Quels sont les éléments concrets qui motivent l’écriture de ce livre ? Le titre de ce livre suggère que le rôle qu’a joué l’auteur de La Colline oubliée durant la révolution algérienne est toujours en question. La loyauté de Mouloud Mammeri vis-à-vis de la cause indépendantiste algérienne serait-elle toujours en débat ?
Pour ce qui est des motivations à l’origine de ce livre, il se trouve que j’ai eu la chance de tomber sur des lettres inédites, écrites de la main de Mammeri et datant de cette période où il était dans la clandestinité en pleine bataille d’Alger. Ce sont des documents précieux qui témoignent de la terreur qui s’était emparée d’Alger, telle qu’elle était ressentie de l’intérieur par les militants. S’il a pu écrire avec autant d’acuité la pièce de théâtre Le Foehn ou la preuve par neuf, consacrée précisément à la Bataille d’Alger, et plus tard L’Opium et le bâton, qui est le roman de la guerre d’indépendance par excellence, c’est parce qu’il a vécu ces instants comme acteur plongé dans la tourmente des événements.

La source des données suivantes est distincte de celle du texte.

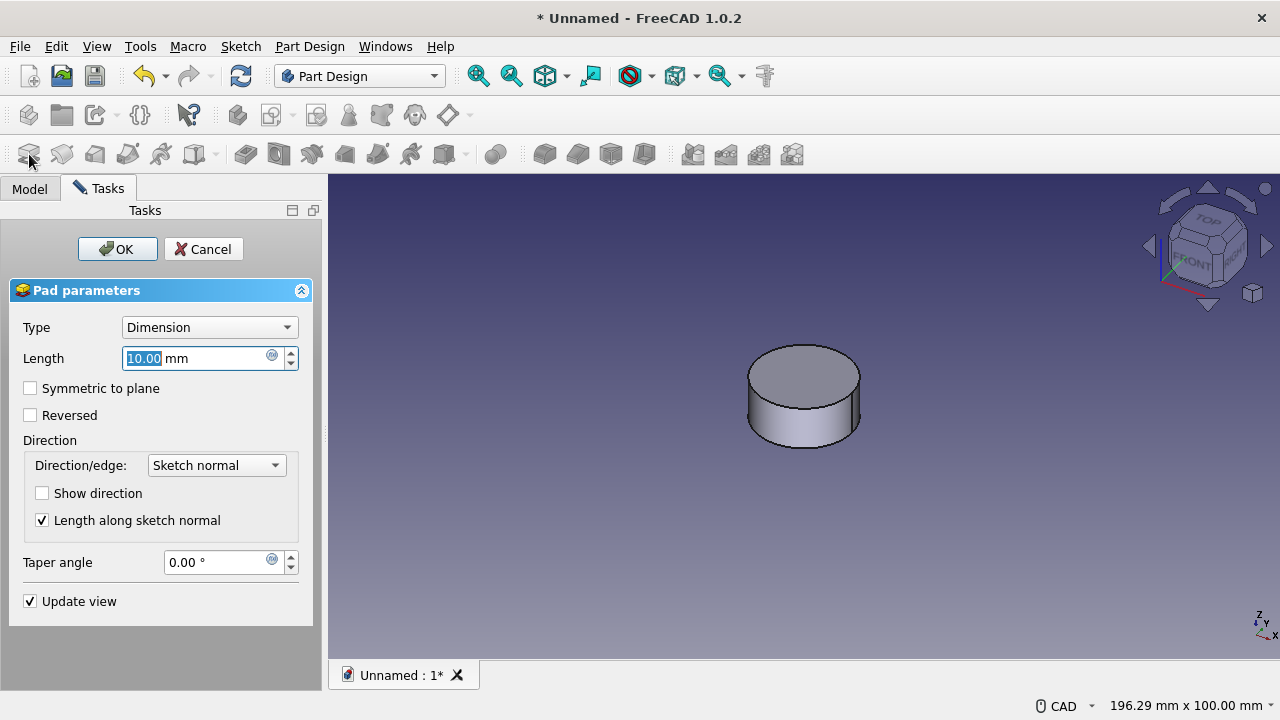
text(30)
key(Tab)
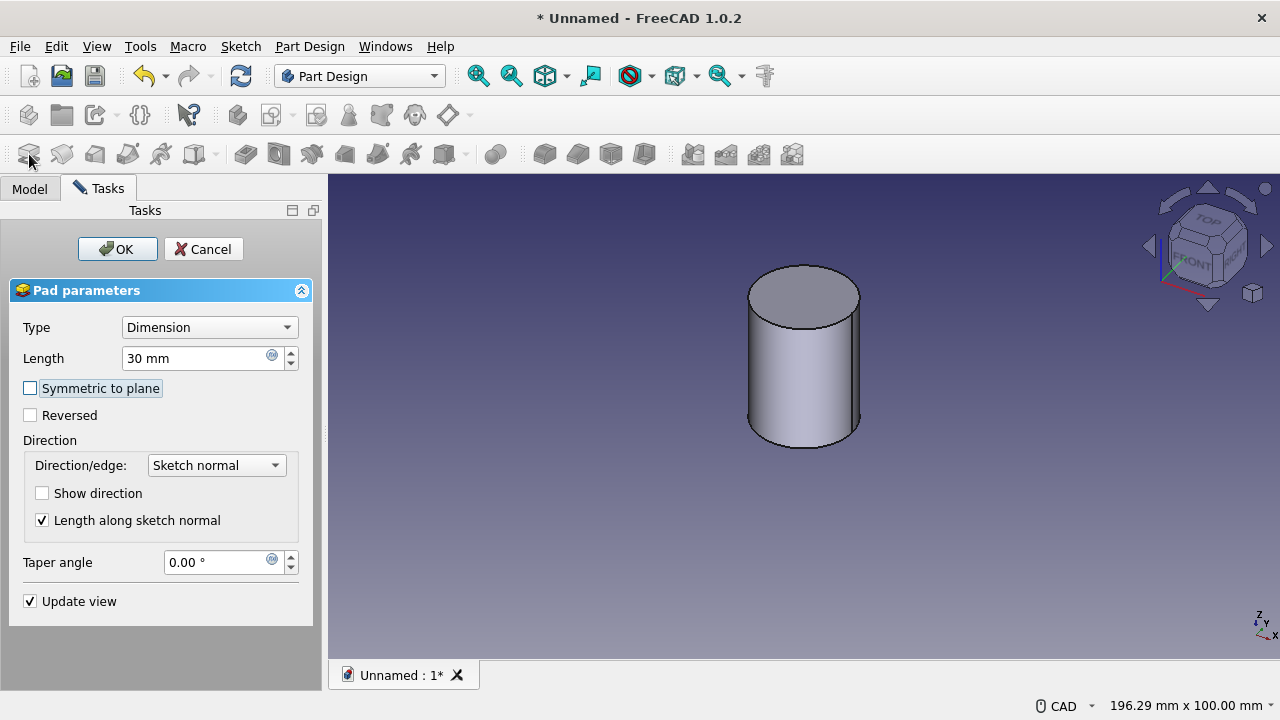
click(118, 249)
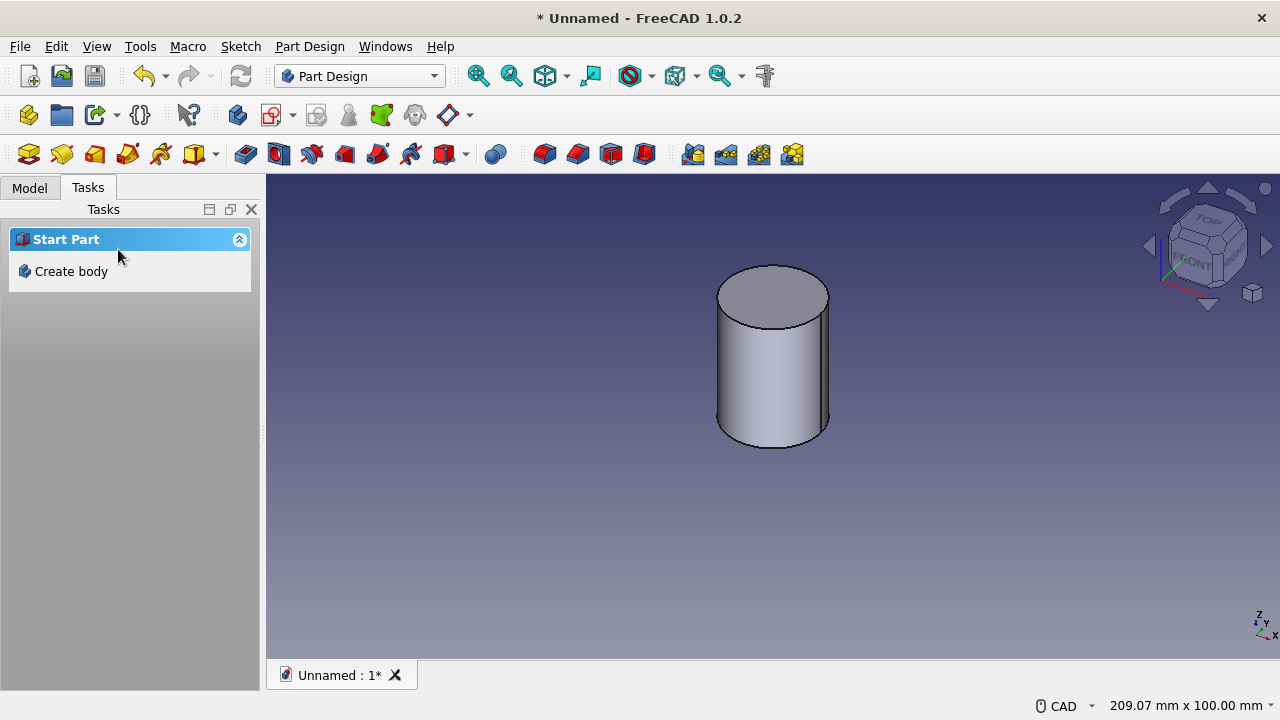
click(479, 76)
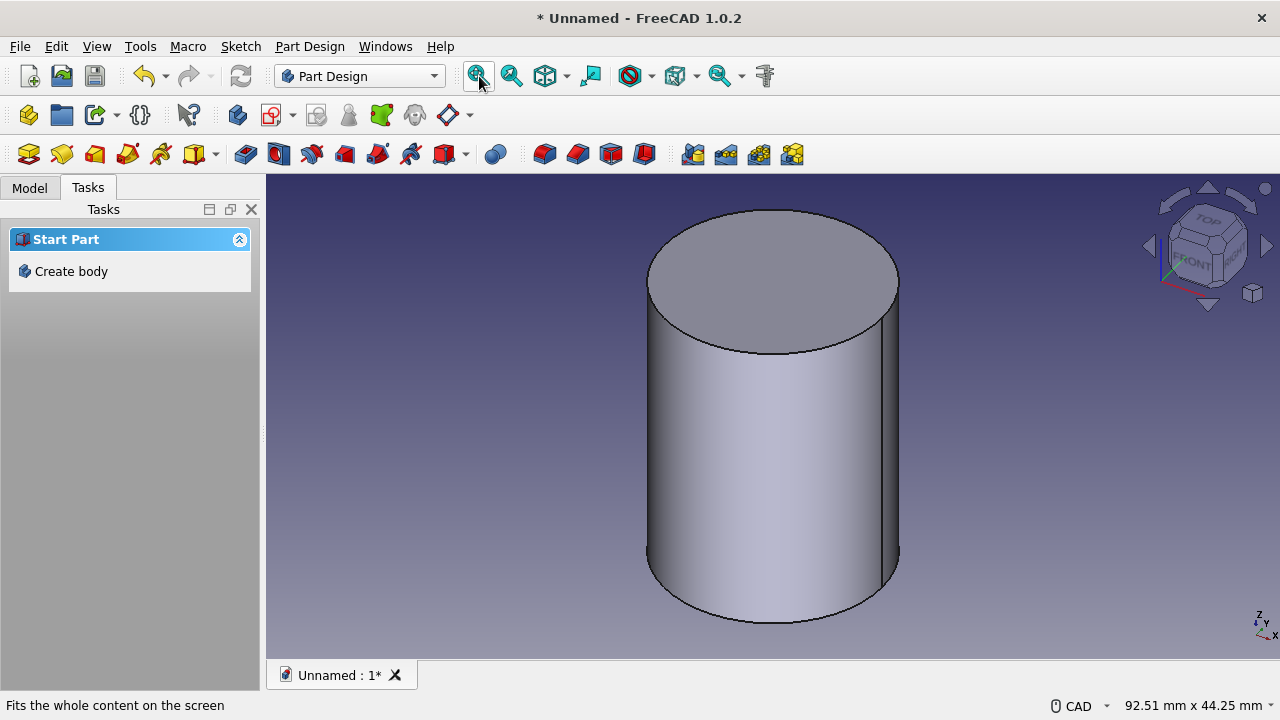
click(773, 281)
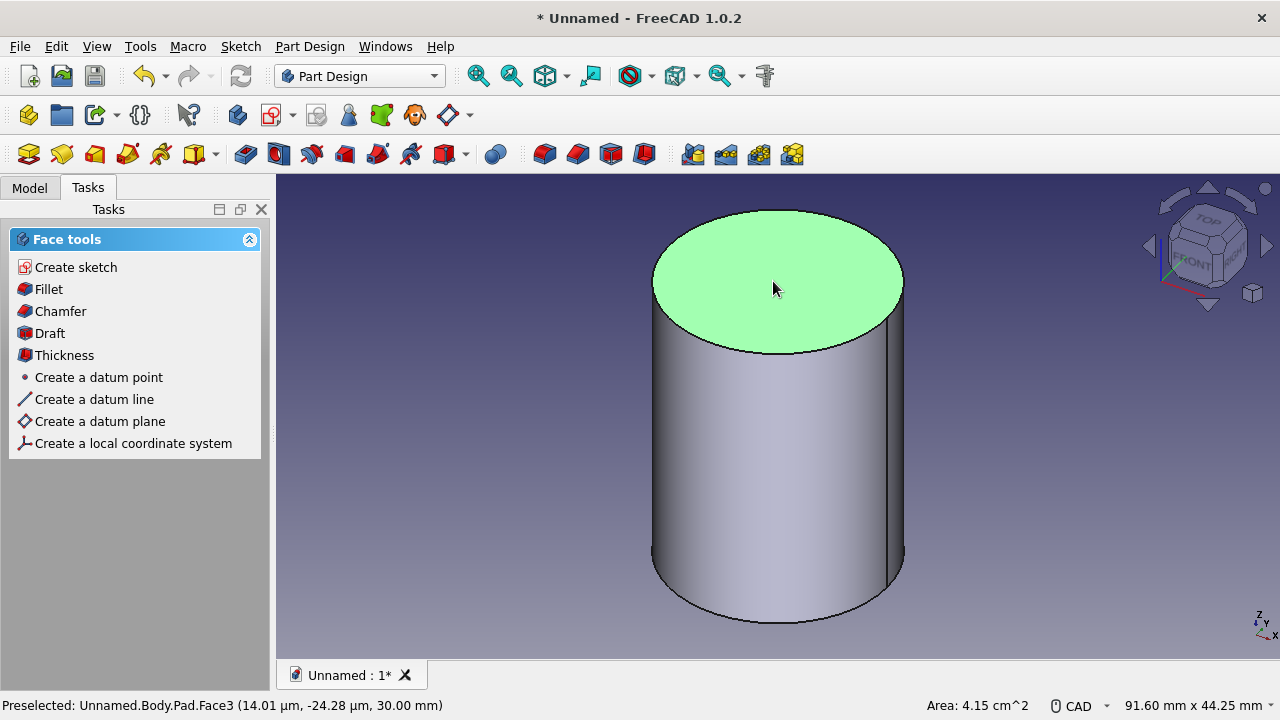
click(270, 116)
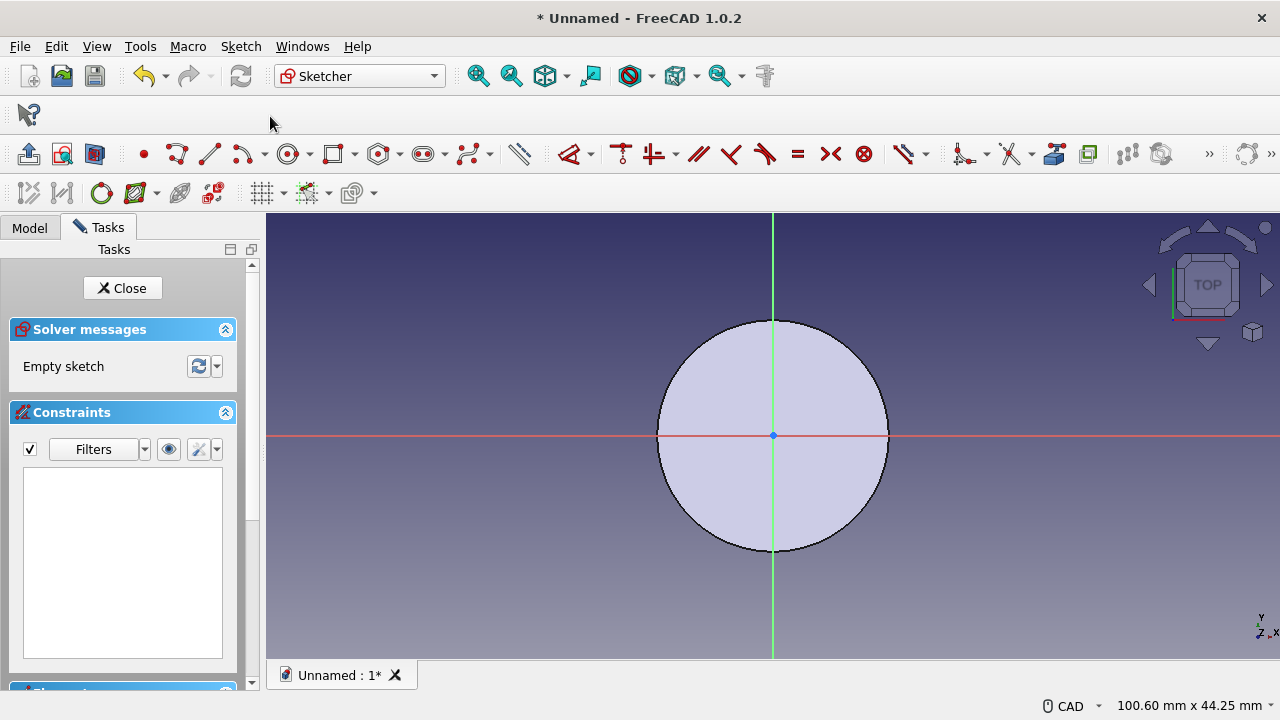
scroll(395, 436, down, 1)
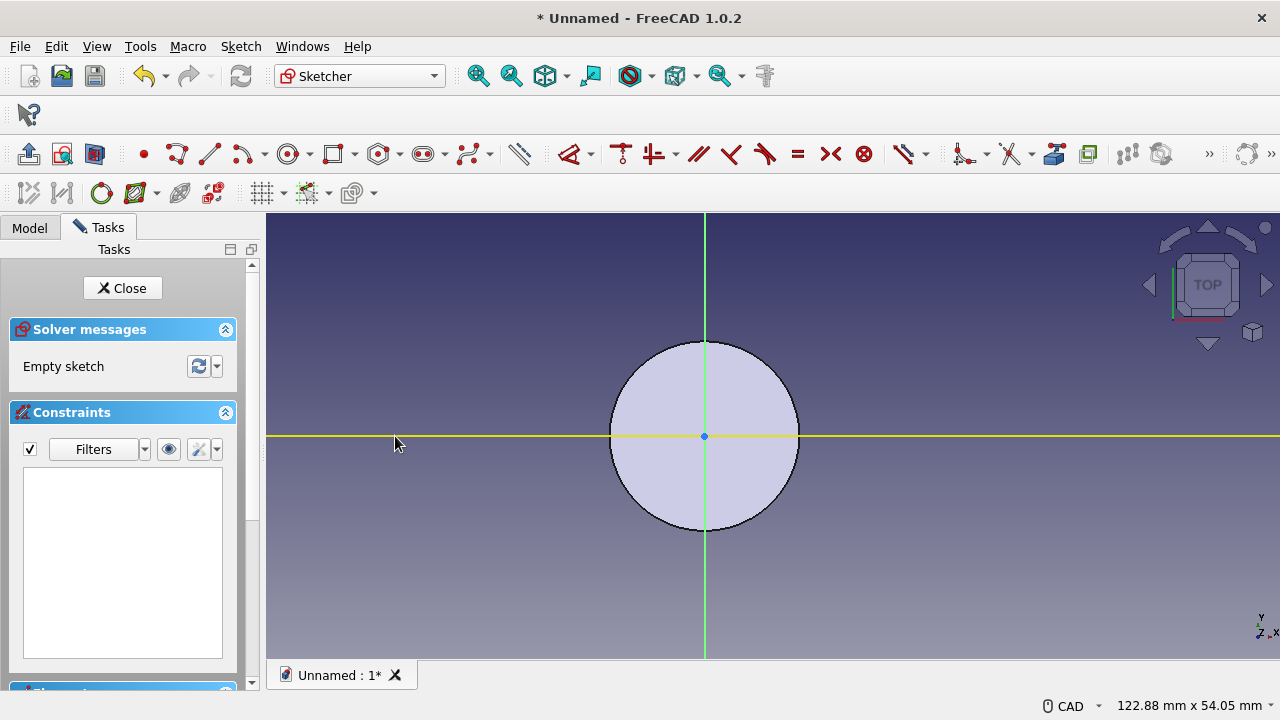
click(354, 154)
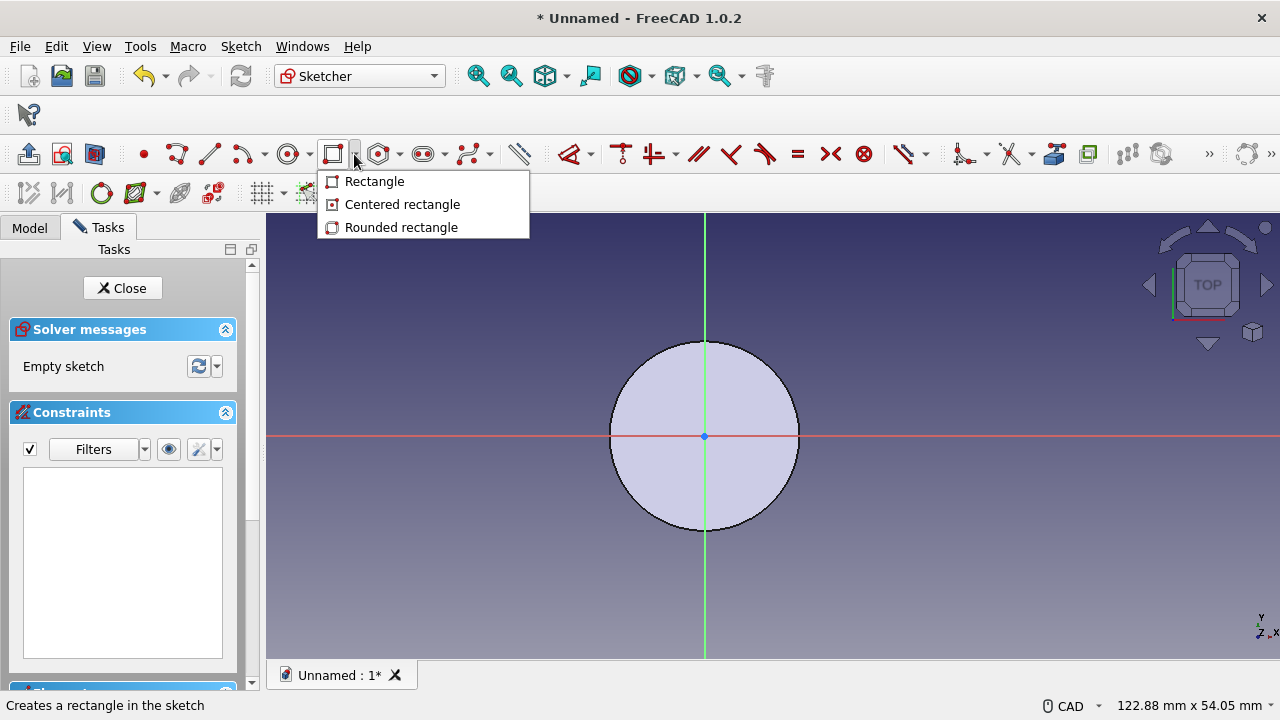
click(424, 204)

Quant à sa loyauté, elle n’est pas en débat, elle a été mise en cause unilatéralement sans qu’il puisse se défendre. Ce n’est pas la même chose. Songez que c’est à l’époque du Parti unique (on est en 1980) et dans le quotidien gouvernemental, El Moudjahid en l’occurrence, que Mouloud Mammeri est accusé par un journaliste – et pas des moindres puisqu’il s’agit du rédacteur en chef – d’avoir insulté en 1956 les maquisards de l’ALN dans les colonnes de L’Écho d’Alger. Or, à cette période, Mammeri était traqué par les parachutistes précisément en raison de son appartenance au FLN ! De cet évènement, la presse de l’époque a largement rendu compte, y compris L’Écho d’Alger qui a lui-même écrit ceci le 16 avril 1957 : « Mouloud Mammeri, professeur au lycée de Ben Aknoun, était effectivement recherché par les parachutistes une semaine après son départ. Il aurait partie liée avec les adhérents du FLN. » Voilà celui que, toute honte bue, l’on présente en 1980 comme un collaborateur qui aurait sévi dans les colonnes de … L’Écho d’Alger ! L’engagement de Mammeri ne fait donc pas mystère. Et il se lit également, et de manière éclatante, dans son œuvre romanesque. Le Sommeil du Juste, paru en 1955 en pleine guerre est présenté par la critique comme le « roman de la colère ». Le livre relate le sort d’une famille de militants « nationalistes » (le terme « nationaliste » est dans le roman) détruite, père et fils, par l’appareil répressif colonial. Mais en dépit de ce parcours sans équivoque, il a été traîné dans la boue. Lorsque Mouloud Mammeri réplique à El Moudjahid par une cinglante mise au point, celle-ci ne fut pas publiée. Pas plus que ne le fut le témoignage de l’ancien ministre des affaires étrangères du GPRA M’hamed Yazid qui affirmait avoir reçu un rapport rédigé par Mammeri pour défendre la question algérienne à l’ONU. Alors, où est le débat là-dedans ? Ce qui s’est produit ne relève pas du débat mais d’une campagne calomnieuse à sens unique, orchestrée par des officines manipulant des organes gouvernementaux. Il faut croire qu’il y a des vérités qu’il est officiellement permis de piétiner. Comment cela a-t-il pu se produire ? Pourquoi et qui est derrière ces manœuvres qui utilisent les moyens de l’État ? Là sont les vraies questions, restées sans réponses à ce jour.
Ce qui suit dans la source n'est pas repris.